Поэтому Советы, как представляется, особенно стараются держать открытой возможность проведения переговоров по ограничению стратегических вооружений. Для этого существовало множество причин: это мог бы быть тактический прием с целью восстановления респектабельности; это мог бы быть маневр с целью раскола альянса путем разыгрывания карты опасения американо-советского кондоминиума; это мог бы быть тот факт, что Советы полагали, что разумный стабильный стратегический баланс необходим, и в силу этого решили попытаться стабилизировать гонку вооружений на нынешнем уровне. Наш ответ зависел от собственной концепции по этой проблеме. Наша прежняя политика зачастую представляла собой «укрепление мер доверия» ради самого этого процесса, в надежде, что по мере роста доверия напряженность будет уменьшаться. Но если считать, что напряженность выросла в результате разногласий по конкретным вопросам, тогда метод решения проблемы заключается в том, чтобы начать работать над устранением тех разногласий. Длительный мир зависел от урегулирования политических вопросов, которые разделяли две ядерные сверхдержавы.
Фактически я говорил почти в том же ключе, что и главный советский представитель. Когда я встретился с Борисом Седовым, оперативным работником КГБ, прикрывающимся званием советника посольства, 18 декабря в отеле «Пьер», то сказал ему, что новоизбранный президент был серьезно настроен, когда говорил об эре переговоров. Советское руководство увидит, что новая администрация готова к переговорам по долгосрочным урегулированиям, отражающим реальные интересы. Мы считали, что имеет место очень много озабоченности в связи со сложившейся атмосферой, но мало кого волнует существо проблем. По мнению новой администрации, имели место реальные расхождения между Соединенными Штатами и Советским Союзом, и что эти расхождения должны быть сужены, если мы хотим реального ослабления напряженности. Как я сказал, мы готовы к переговорам об ограничении стратегических вооружений. Но мы не будем бросаться в переговоры, как в омут, без предварительного анализа проблемы. Мы также будем судить цели Советского Союза по его готовности двигаться вперед по широкому фронту, особенно по его отношению к ситуации на Ближнем Востоке и во Вьетнаме. Мы рассчитываем на сдержанность Советского Союза в беспокойных точках во всем мире. (Это была знаменитая доктрина «увязки».) Я надеялся, что он передаст эти соображения в Москву.

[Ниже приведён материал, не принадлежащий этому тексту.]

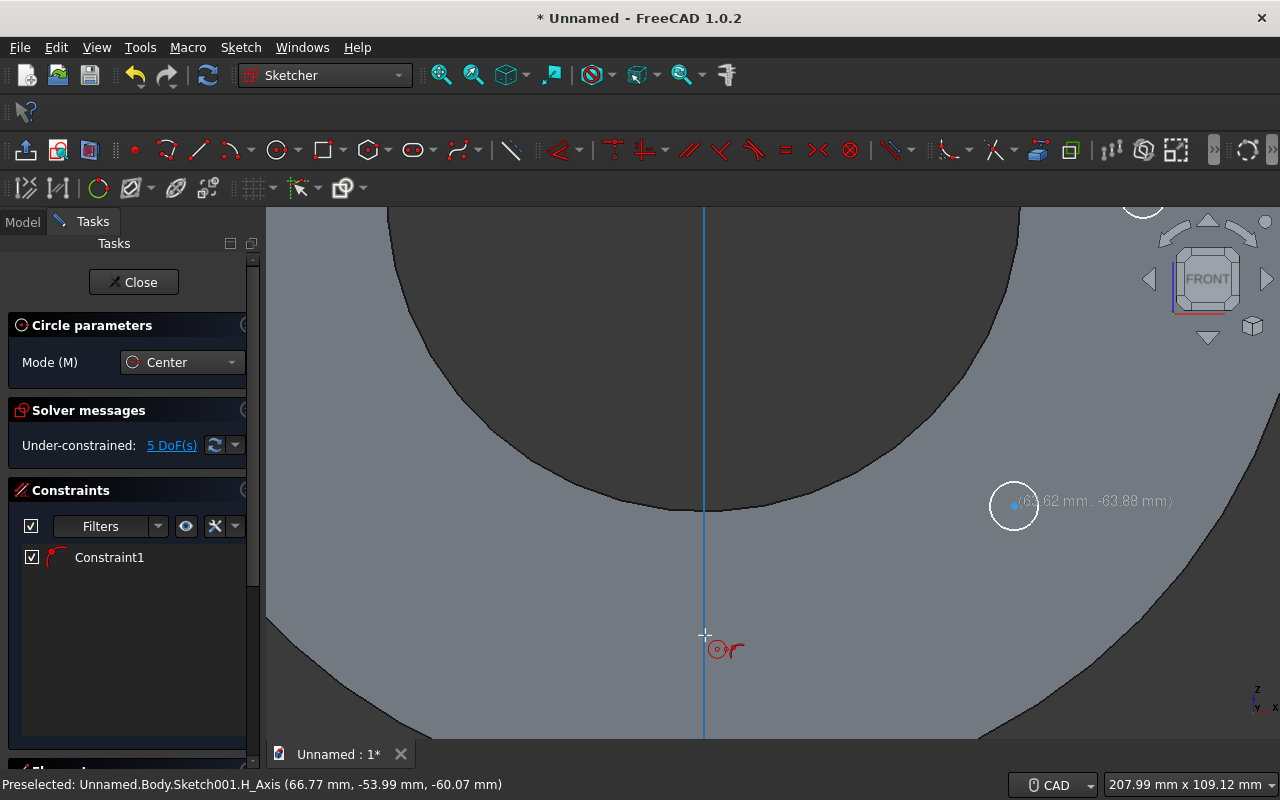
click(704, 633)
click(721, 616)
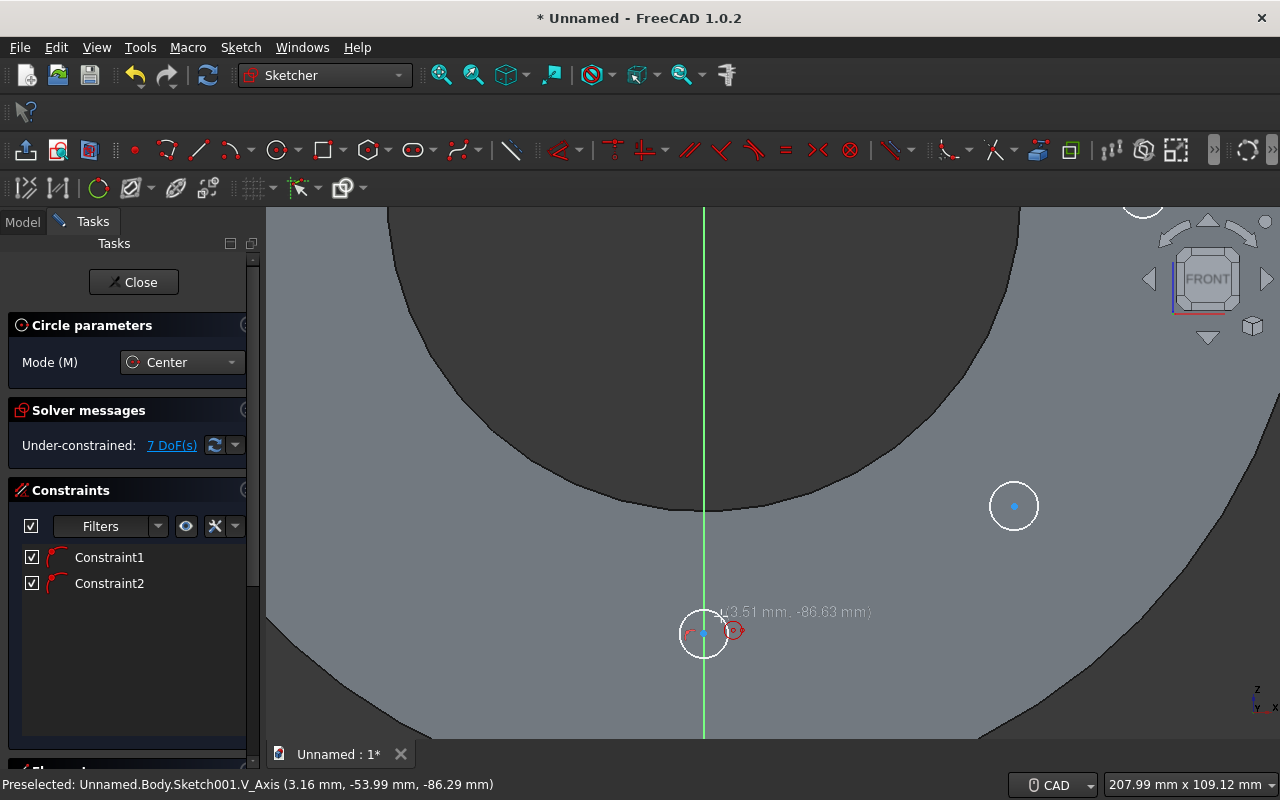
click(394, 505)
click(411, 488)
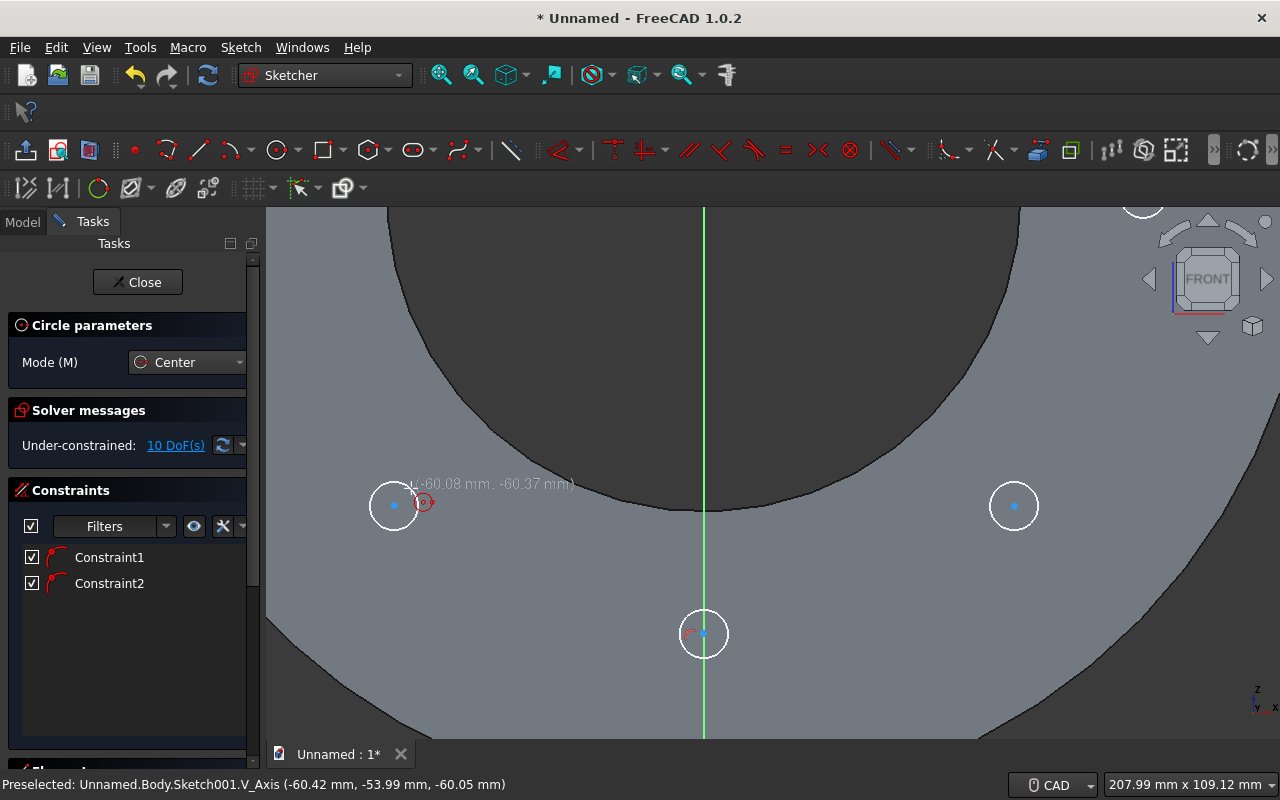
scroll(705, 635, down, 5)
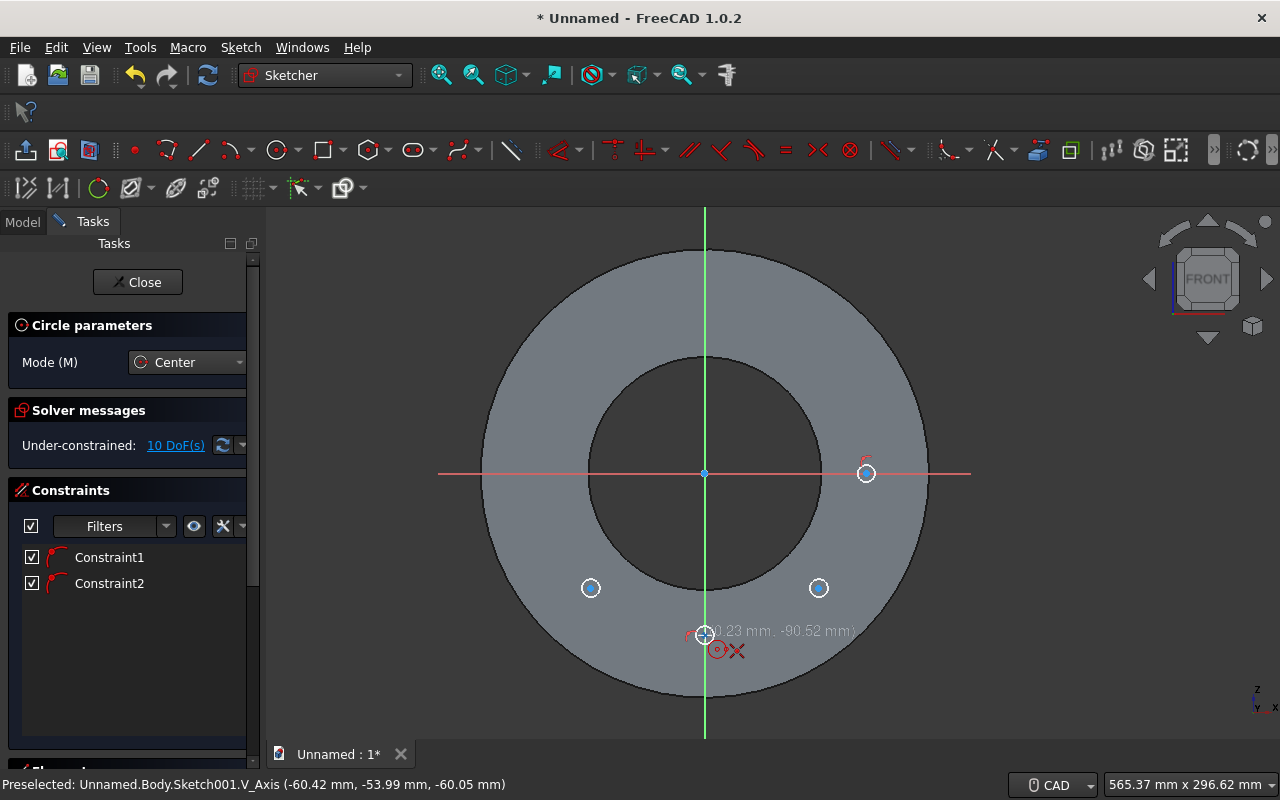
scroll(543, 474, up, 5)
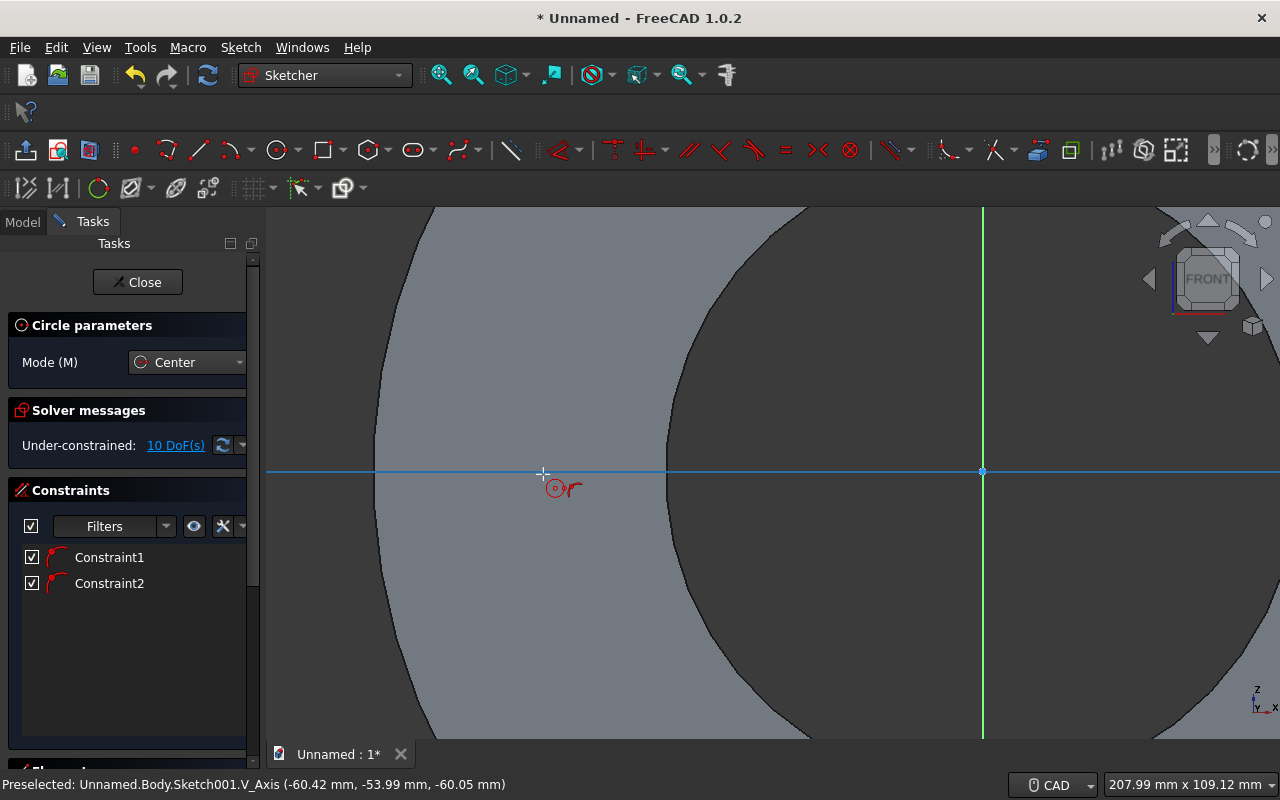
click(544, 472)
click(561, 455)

Москва прислала благоприятный ответ. Седов принес мне послание 2 января 1969 года. В нем советские руководители отмежевались от «пессимистических взглядов», которые, по их утверждениям, они видели распространяемыми о новоизбранном президенте «во многих частях мира». «Главной озабоченностью Москвы» была не прошлая биография Никсона, а вопрос, руководствуется ли наше руководство «чувством реальности». Разоружение представляло собой первостепенную важность. Советские руководители признавали, что наши отношения получат благоприятную поддержку в связи с решением вьетнамской проблемы, политическим решением на Ближнем Востоке и «реалистичным подходом» в Европе в целом и в Германии в частности. Кремль не упустил возможности отметить свои собственные «особые интересы» в Восточной Европе.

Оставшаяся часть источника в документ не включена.